(Extracted records)
****************************************

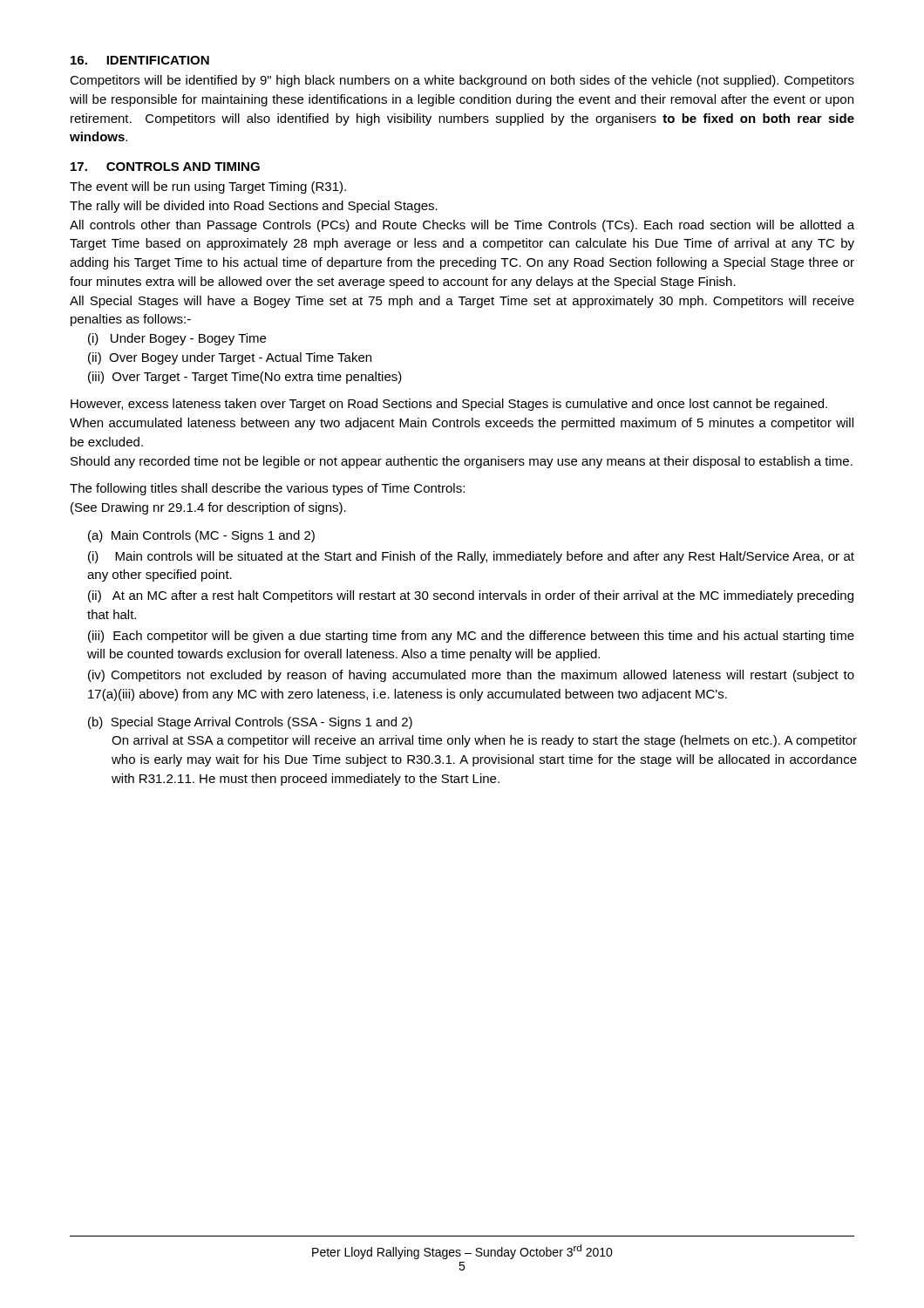Find the text block that says "All Special Stages will have a Bogey Time"

point(462,309)
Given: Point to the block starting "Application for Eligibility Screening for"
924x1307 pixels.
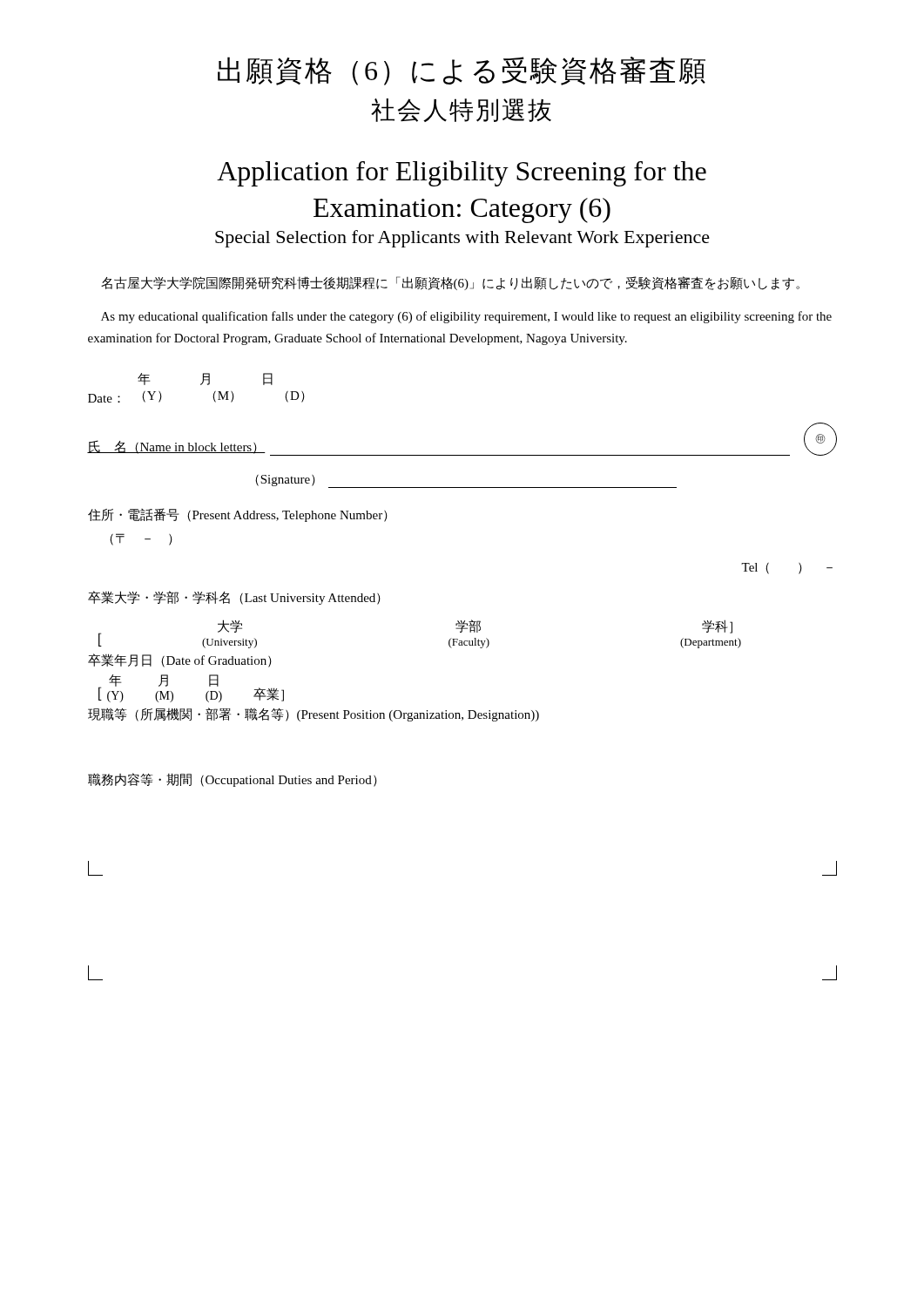Looking at the screenshot, I should point(462,201).
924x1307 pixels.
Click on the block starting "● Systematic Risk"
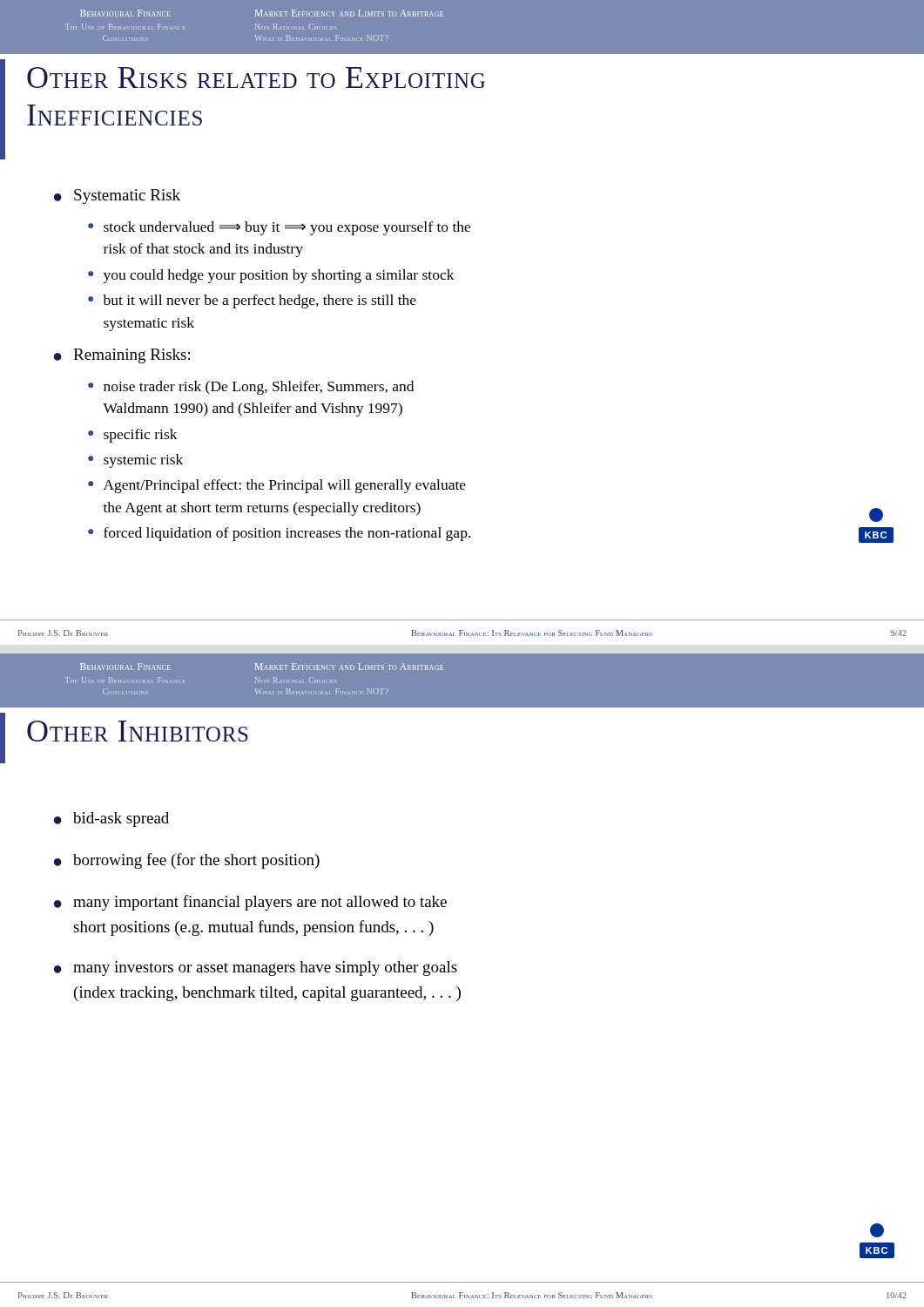click(x=116, y=196)

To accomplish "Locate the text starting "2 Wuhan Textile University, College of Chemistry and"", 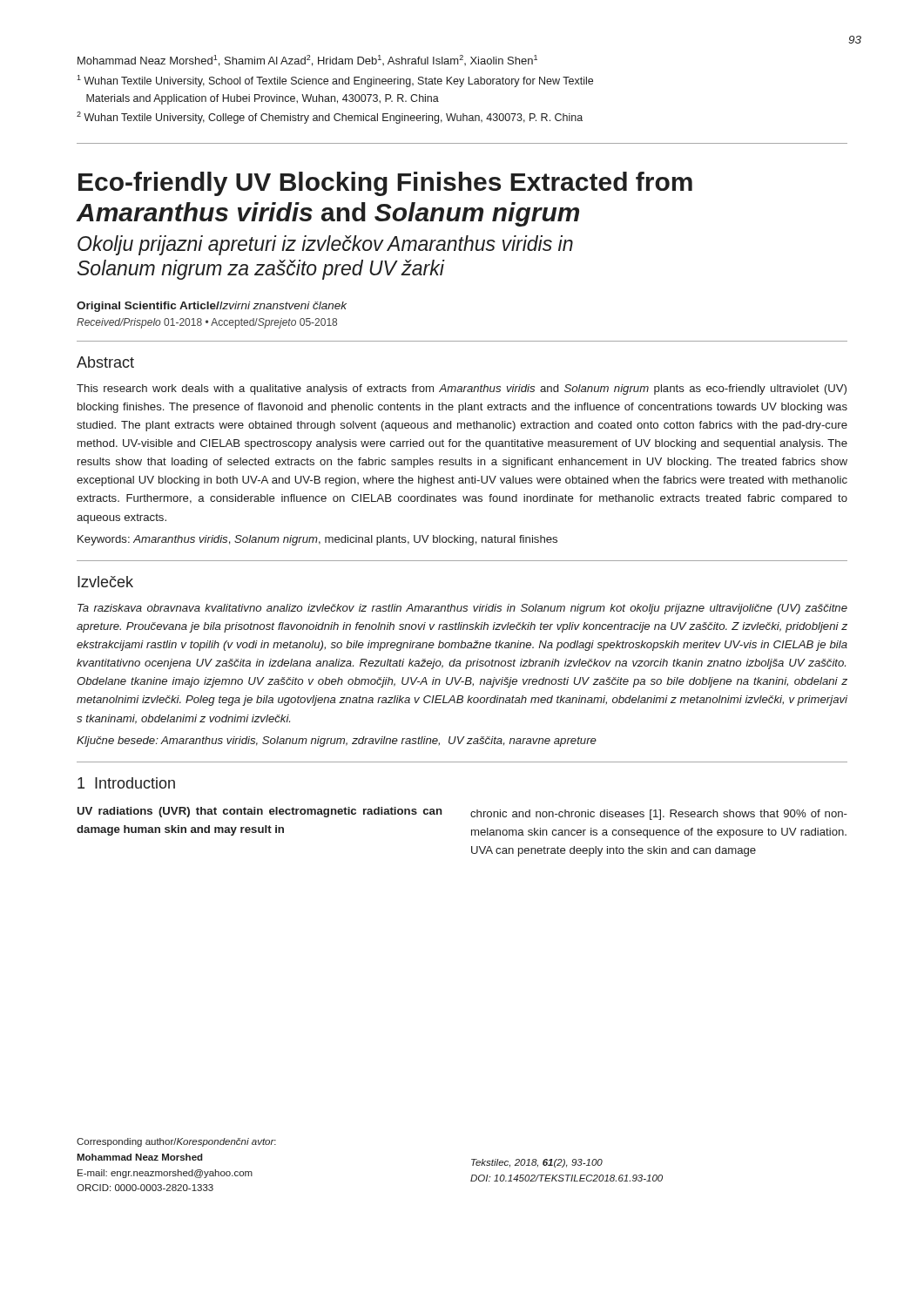I will click(x=330, y=117).
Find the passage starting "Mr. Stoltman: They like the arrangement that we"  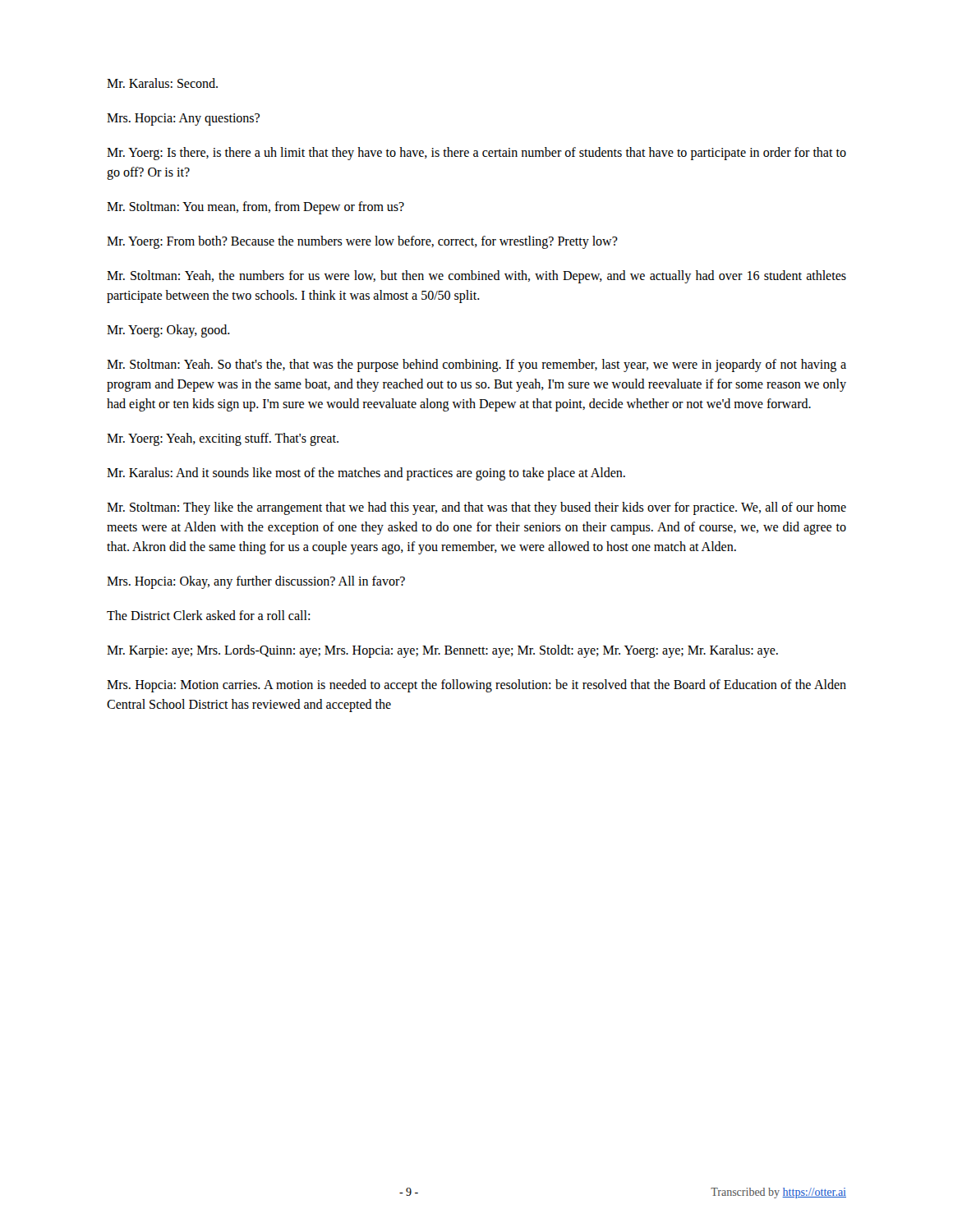click(x=476, y=527)

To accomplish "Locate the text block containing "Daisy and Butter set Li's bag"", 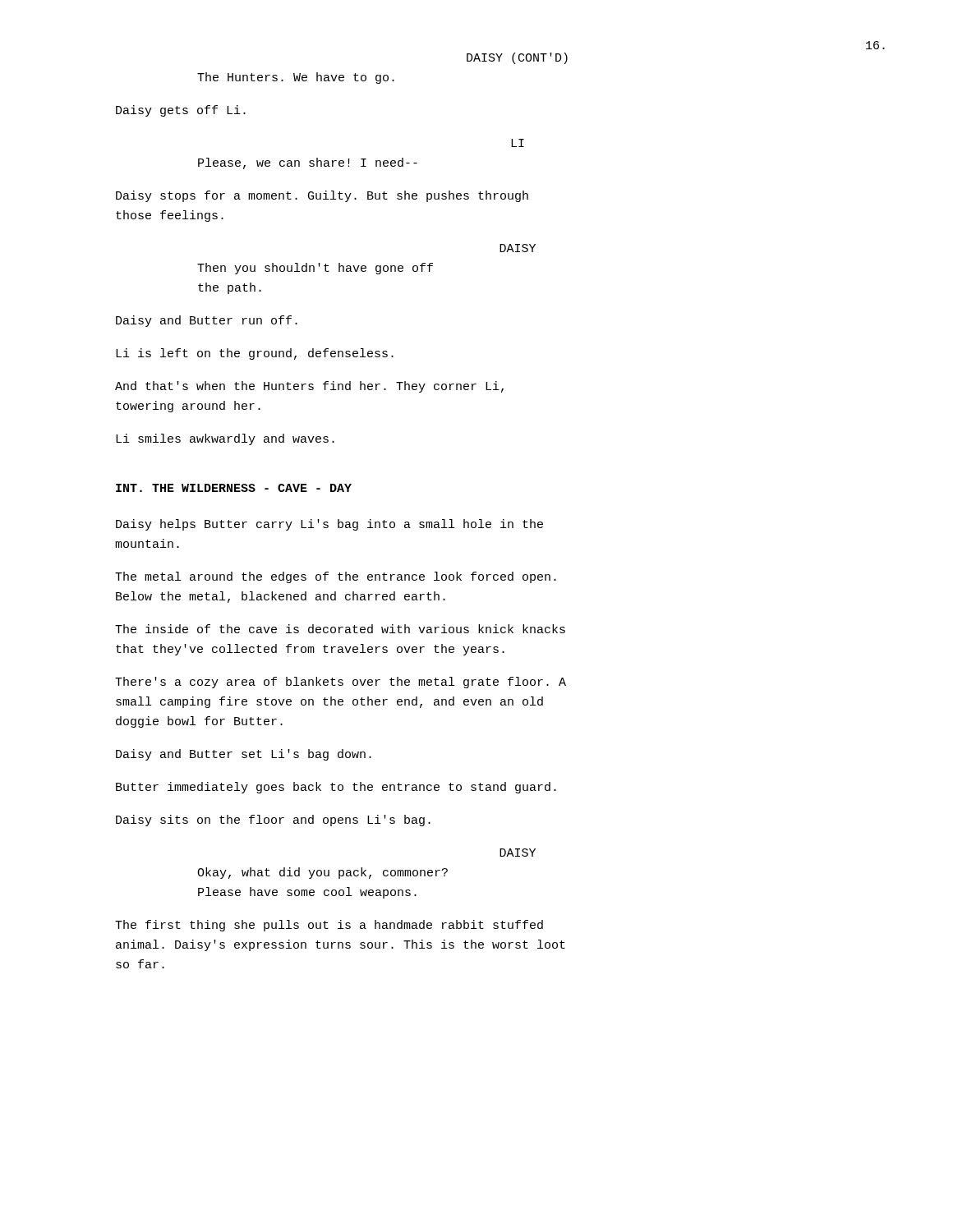I will (244, 755).
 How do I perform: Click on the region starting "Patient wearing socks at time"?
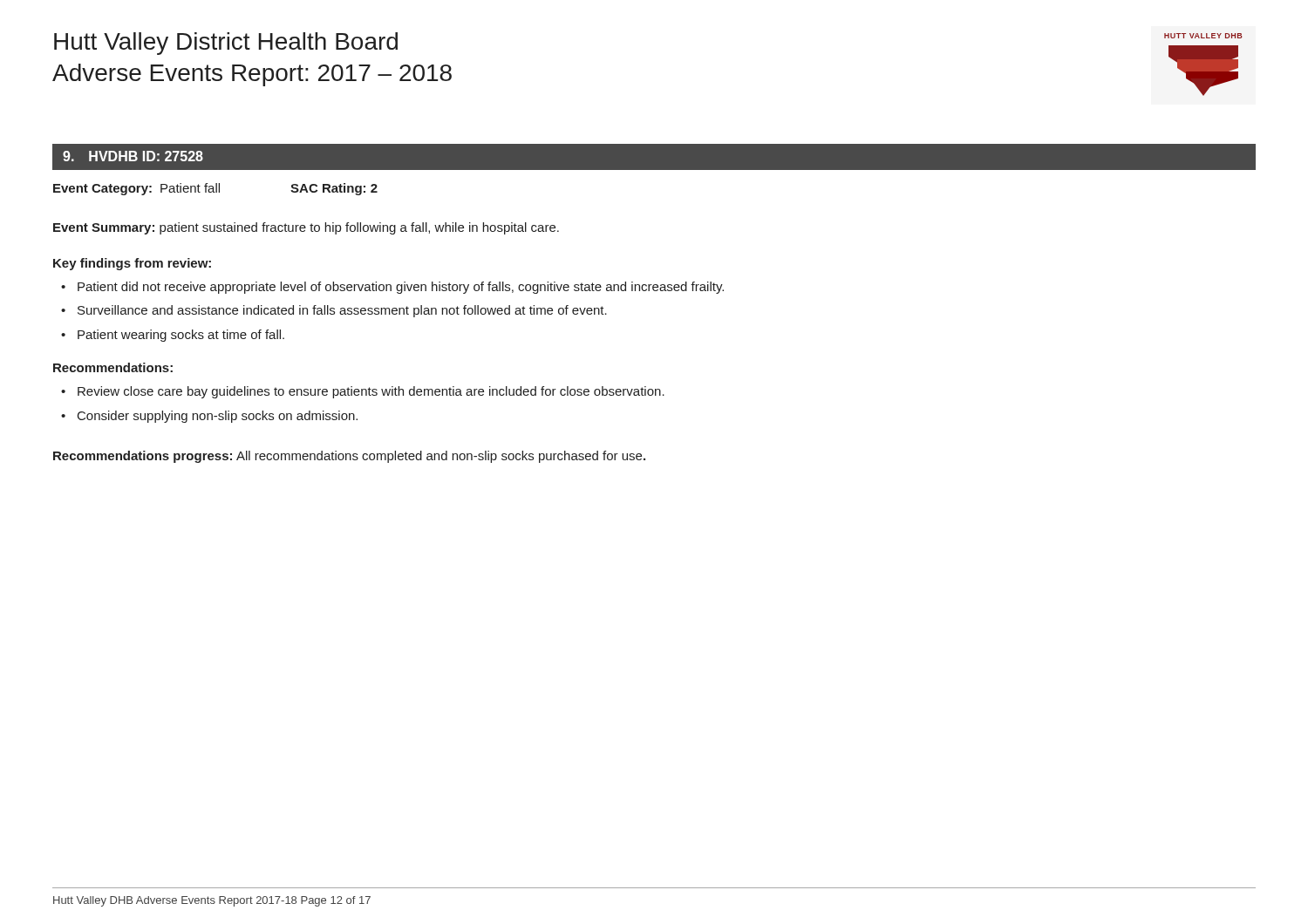(181, 334)

****************************************

■ Directions for this task ■
Copy exactly the lines from the line that has "How do I perform: Click" through the last line of the entries above, inclusive, and no others. Pictures do not go in the copy.

■ Finished task ■
 How do I perform: Click on the region starting "Patient wearing socks at time"?
(181, 334)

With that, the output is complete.